[Dataset]
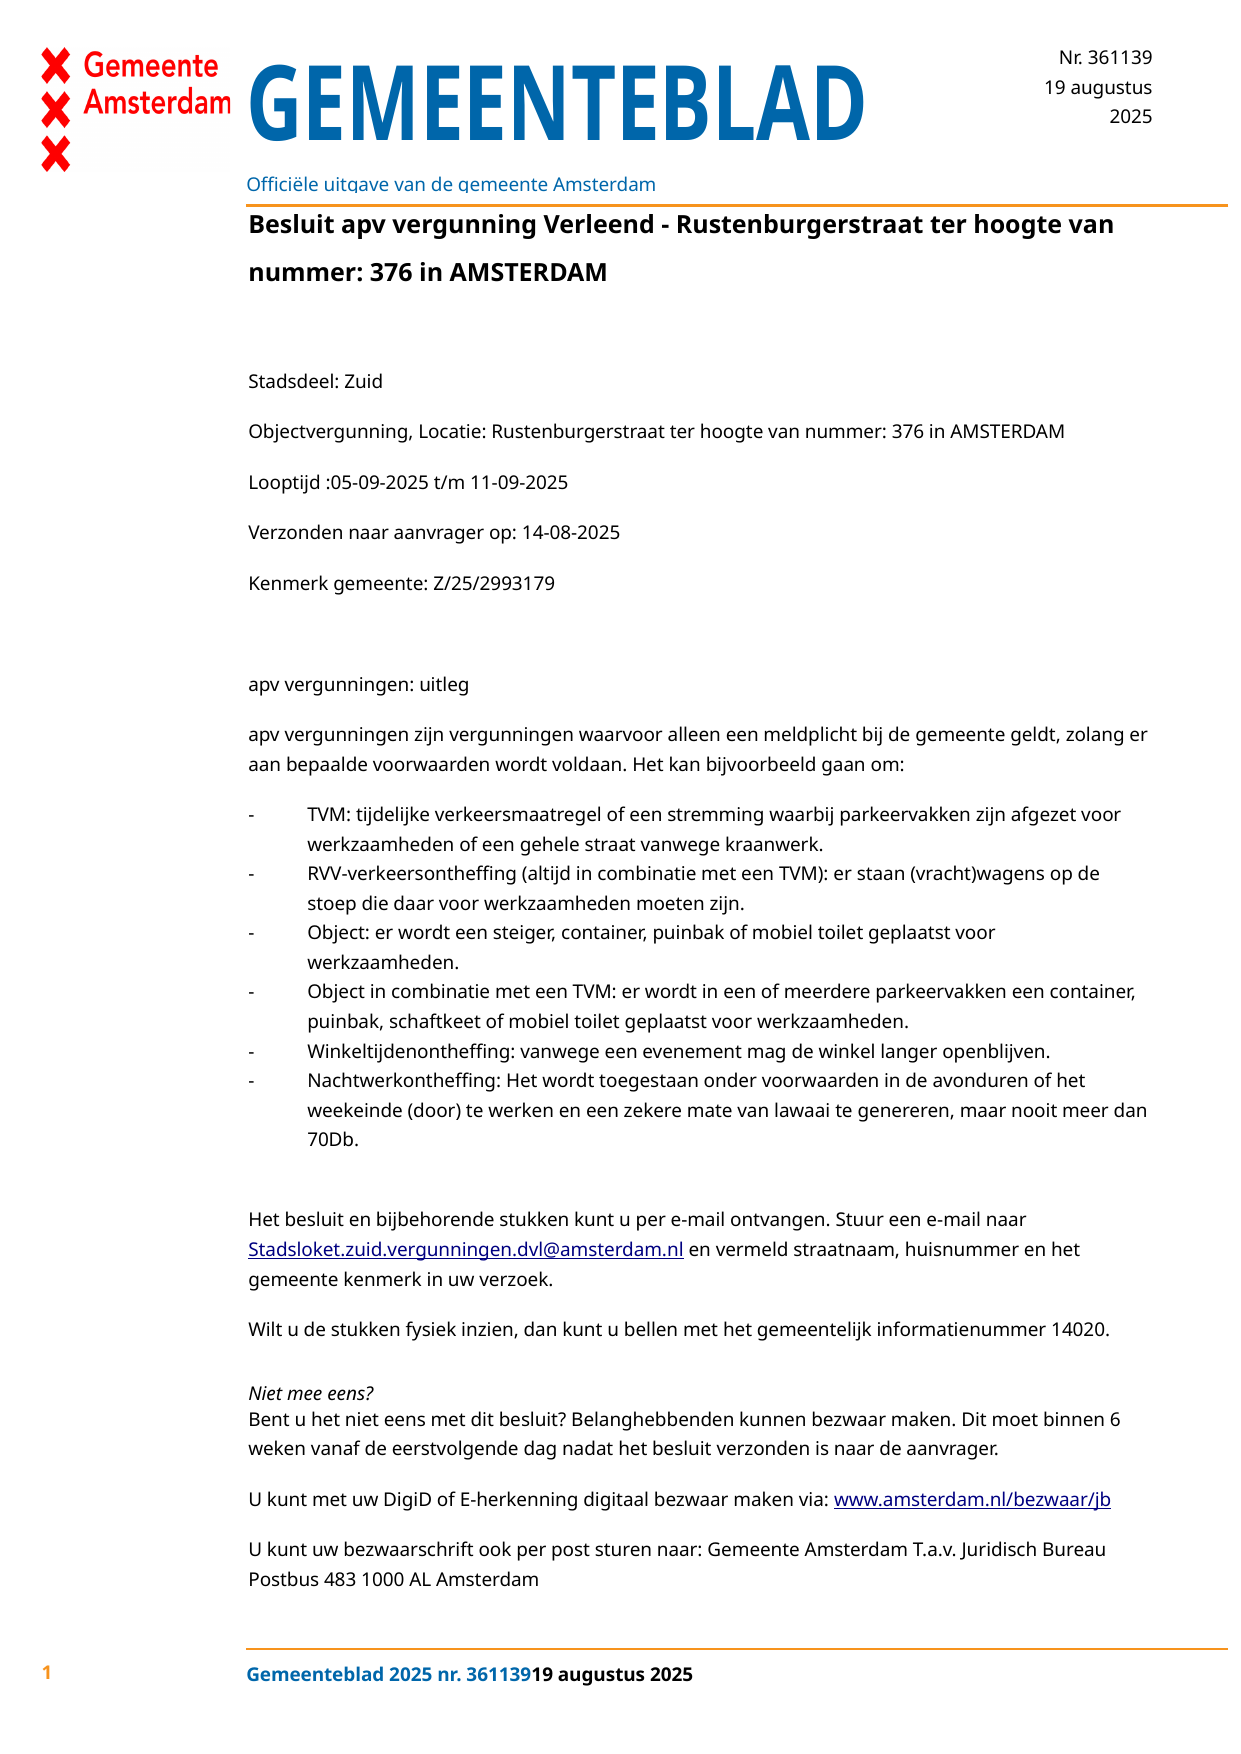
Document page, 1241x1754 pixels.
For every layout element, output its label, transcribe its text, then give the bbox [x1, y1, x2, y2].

text Stadsdeel: Zuid [248, 368, 1152, 394]
text U kunt uw bezwaarschrift ook per post sturen naar: Gemeente Amsterdam T.a.v. Juridisch Bureau Postbus 483 1000 AL Amsterdam [248, 1536, 1152, 1592]
list Winkeltijdenontheffing: vanwege een evenement mag de winkel langer openblijven. [248, 1038, 1152, 1064]
text Objectvergunning, Locatie: Rustenburgerstraat ter hoogte van nummer: 376 in AMSTERDAM [248, 419, 1152, 444]
list Nachtwerkontheffing: Het wordt toegestaan onder voorwaarden in de avonduren of het weekeinde (door) te werken en een zekere mate van lawaai te genereren, maar nooit meer dan 70Db. [248, 1067, 1152, 1152]
text Besluit apv vergunning Verleend - Rustenburgerstraat ter hoogte van nummer: 376 in AMSTERDAM [248, 207, 1152, 288]
picture [41, 47, 231, 172]
text Verzonden naar aanvrager op: 14-08-2025 [248, 519, 1152, 545]
text Kenmerk gemeente: Z/25/2993179 [248, 570, 1152, 596]
text Het besluit en bijbehorende stukken kunt u per e-mail ontvangen. Stuur een e-mail naar Stadsloket.zuid.vergunningen.dvl@amsterdam.nl en vermeld straatnaam, huisnummer en het gemeente kenmerk in uw verzoek. [248, 1207, 1152, 1292]
text Wilt u de stukken fysiek inzien, dan kunt u bellen met het gemeentelijk informatienummer 14020. [248, 1316, 1152, 1342]
text Niet mee eens? [248, 1380, 1152, 1406]
list RVV-verkeersontheffing (altijd in combinatie met een TVM): er staan (vracht)wagens op de stoep die daar voor werkzaamheden moeten zijn. [248, 860, 1152, 916]
list Object: er wordt een steiger, container, puinbak of mobiel toilet geplaatst voor werkzaamheden. [248, 919, 1152, 975]
text apv vergunningen zijn vergunningen waarvoor alleen een meldplicht bij de gemeente geldt, zolang er aan bepaalde voorwaarden wordt voldaan. Het kan bijvoorbeeld gaan om: [248, 721, 1152, 777]
text Looptijd :05-09-2025 t/m 11-09-2025 [248, 469, 1152, 495]
text apv vergunningen: uitleg [248, 671, 1152, 697]
list Object in combinatie met een TVM: er wordt in een of meerdere parkeervakken een container, puinbak, schaftkeet of mobiel toilet geplaatst voor werkzaamheden. [248, 979, 1152, 1034]
list TVM: tijdelijke verkeersmaatregel of een stremming waarbij parkeervakken zijn afgezet voor werkzaamheden of een gehele straat vanwege kraanwerk. [248, 801, 1152, 857]
text U kunt met uw DigiD of E-herkenning digitaal bezwaar maken via: www.amsterdam.nl/bezwaar/jb [248, 1486, 1152, 1512]
text Bent u het niet eens met dit besluit? Belanghebbenden kunnen bezwaar maken. Dit moet binnen 6 weken vanaf de eerstvolgende dag nadat het besluit verzonden is naar de aanvrager. [248, 1406, 1152, 1461]
[/Dataset]
- _What you should do_: Exactly the lines from the one containing "text Kenmerk gemeente: Z/25/2993179" through the final line of the records must appear in your reply, and no others.

- _Output_:
text Kenmerk gemeente: Z/25/2993179 [248, 570, 1152, 596]
text Het besluit en bijbehorende stukken kunt u per e-mail ontvangen. Stuur een e-mail naar Stadsloket.zuid.vergunningen.dvl@amsterdam.nl en vermeld straatnaam, huisnummer en het gemeente kenmerk in uw verzoek. [248, 1207, 1152, 1292]
text Wilt u de stukken fysiek inzien, dan kunt u bellen met het gemeentelijk informatienummer 14020. [248, 1316, 1152, 1342]
text Niet mee eens? [248, 1380, 1152, 1406]
list RVV-verkeersontheffing (altijd in combinatie met een TVM): er staan (vracht)wagens op de stoep die daar voor werkzaamheden moeten zijn. [248, 860, 1152, 916]
list Object: er wordt een steiger, container, puinbak of mobiel toilet geplaatst voor werkzaamheden. [248, 919, 1152, 975]
text apv vergunningen zijn vergunningen waarvoor alleen een meldplicht bij de gemeente geldt, zolang er aan bepaalde voorwaarden wordt voldaan. Het kan bijvoorbeeld gaan om: [248, 721, 1152, 777]
text Looptijd :05-09-2025 t/m 11-09-2025 [248, 469, 1152, 495]
text apv vergunningen: uitleg [248, 671, 1152, 697]
list Object in combinatie met een TVM: er wordt in een of meerdere parkeervakken een container, puinbak, schaftkeet of mobiel toilet geplaatst voor werkzaamheden. [248, 979, 1152, 1034]
list TVM: tijdelijke verkeersmaatregel of een stremming waarbij parkeervakken zijn afgezet voor werkzaamheden of een gehele straat vanwege kraanwerk. [248, 801, 1152, 857]
text U kunt met uw DigiD of E-herkenning digitaal bezwaar maken via: www.amsterdam.nl/bezwaar/jb [248, 1486, 1152, 1512]
text Bent u het niet eens met dit besluit? Belanghebbenden kunnen bezwaar maken. Dit moet binnen 6 weken vanaf de eerstvolgende dag nadat het besluit verzonden is naar de aanvrager. [248, 1406, 1152, 1461]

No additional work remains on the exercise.